Ugh. I wish that was the case at my local community theatre. Their flat storage is like a time capsule spanning what seems like decades of shows. They're usually quite heavy given the 1/8" of paint on them. Heck I wouldn't be surprised that if on some, the muslin has completely deteriorated leaving only the paint, on which they apply... More paint!!!

You should see the stage floor...


----------



## Anvilx (Jan 17, 2010)

Something you might be interested in http://www.controlbooth.com/forums/scenery/261-making-flats.html. It is ashame that it hasn't made it to the wiki yet, though probably no one wants to edit it. I my self haven't read the whole thing.


----------



## kicknargel (Jan 17, 2010)

You might frame with 1x3 to save storage space. Also, a lot of TV people frame flats with plywood because it won't warp over time.

And just to show there's as many ways to do things as there are TDs, I've always put 2 toggles in a 4x8 flat (around 2' 9" OC).


----------



## last125eagle (Jan 18, 2010)

any plywood on any flat I have seen has failed spectacularly. Granted it was cdx 3/4 pine ply. I have had no luck with it. Any clue to what they do differently with it.

1x3 i have found is not rigid enough. 1x4 makes a much heftier flat. Its like those who use 5 quarter for platforms instead of 1x6.


----------



## kicknargel (Jan 18, 2010)

Granted, for TV it's critical that flats are REALLY flat (due to the camera's increased perception of any shadows cause by any warp in the flat), so we'll usually frame with plywood, use toggles at 2' OC and often put framing in between the toggles so the largest open field is 2'x2'. I don't know if it's all strictly necessary, but is pretty standard. In this case flatness is more important than durability.

Yes joints in a plywood frame aren't as strong as in pine, but if glued and stapled well, I haven't had problems. And I have had problems with pine flats curling up over time. It may be partly the extreme dryness here in Colorado.


----------



## Van (Jan 18, 2010)

I Hate framing in plywood. Period. 
For general flats I prefer to rip 1x6 in twain. Set your saw 2.5 inches and you get two pieces out of 1 1x6. The biggest issue is finding good lumber to rip from as a lot tends to wrap like crazy once you rip it.
I only use 1/4 Luan, 1/8 tends to buckle too much. 

I prefere to set my toggles 24" O.C. as here in the Great NW our humidity tends to play hell with Luan. 

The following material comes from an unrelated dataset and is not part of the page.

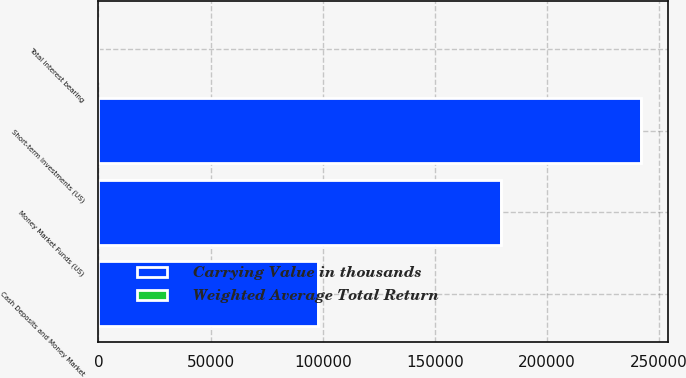Convert chart. <chart><loc_0><loc_0><loc_500><loc_500><stacked_bar_chart><ecel><fcel>Money Market Funds (US)<fcel>Short-term Investments (US)<fcel>Cash Deposits and Money Market<fcel>Total interest bearing<nl><fcel>Carrying Value in thousands<fcel>179457<fcel>241963<fcel>98008<fcel>4.08<nl><fcel>Weighted Average Total Return<fcel>3.31<fcel>4.08<fcel>3.91<fcel>3.78<nl></chart> 
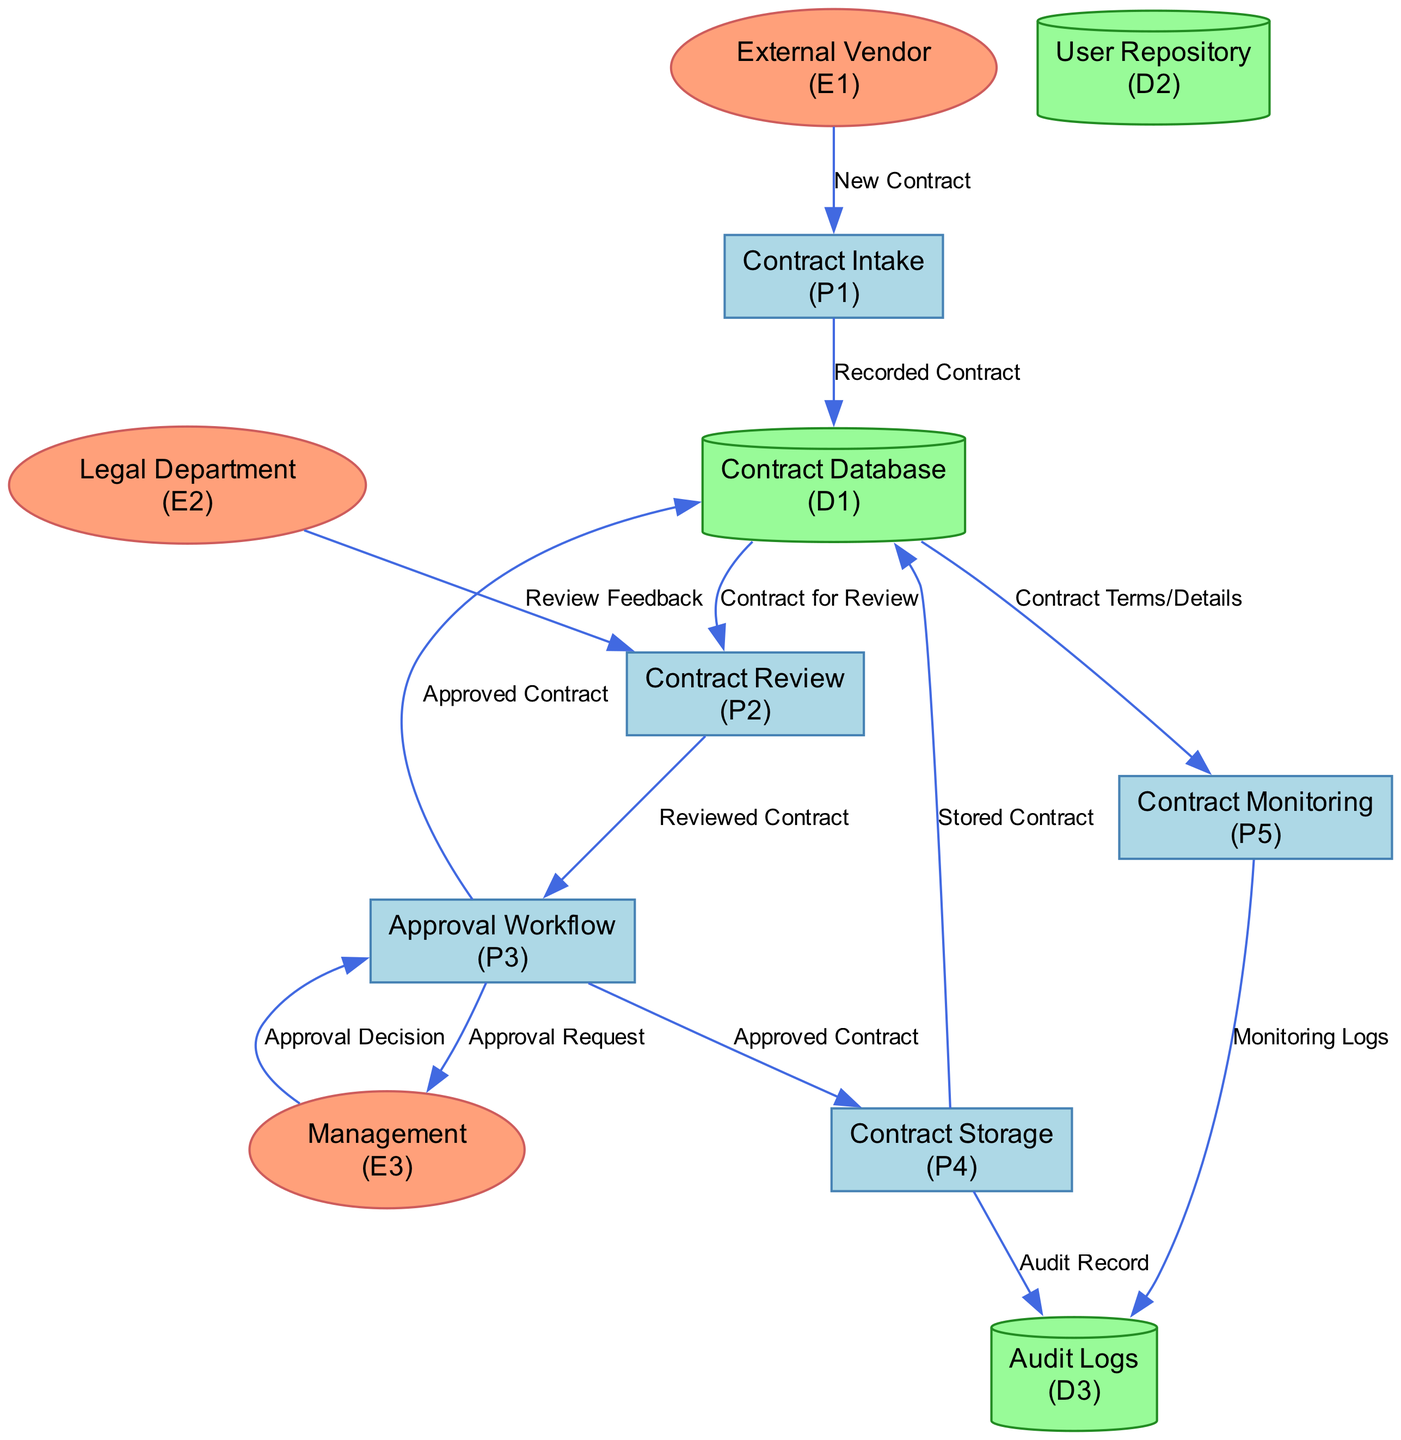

I do prefer the use of Narrow Crown staples for attaching the luan to the face of the flat as it's easier to fill the divots, but prefer a wide crown 1 1/2" minimum for the framing. Personally I think any kind of joinery on the corners defeats the purpose of building flats - quick easy walls. As Footer said, a good stock flat is only going to last you 4 or so shows.


----------



## RockMoniker (Jan 18, 2010)

I'll throw in that when I used to build flats for tv, we always used poplar for the frame. Much nicer than pine, rips nice and straight. Generally, we'd rip 1x4 into two 1 3/4" pieces, face with 1/4" luan, flex glue and muslin the face, backpaint, all with 2' OC frame. Works great, but as others have said, it still will only last you a few shows. I do badically the same to make a lot of hard masking panels with duv on the face.
Also, I've found that you can use a pneumatic wide crown tacker(upholstery style) with 1/2", or 9/16" staples, and you get much smaller divots. Remember, the staples just hold it til the glue dries.


----------



## last125eagle (Jan 19, 2010)

man i wish i had a 1/2 crown stapler now.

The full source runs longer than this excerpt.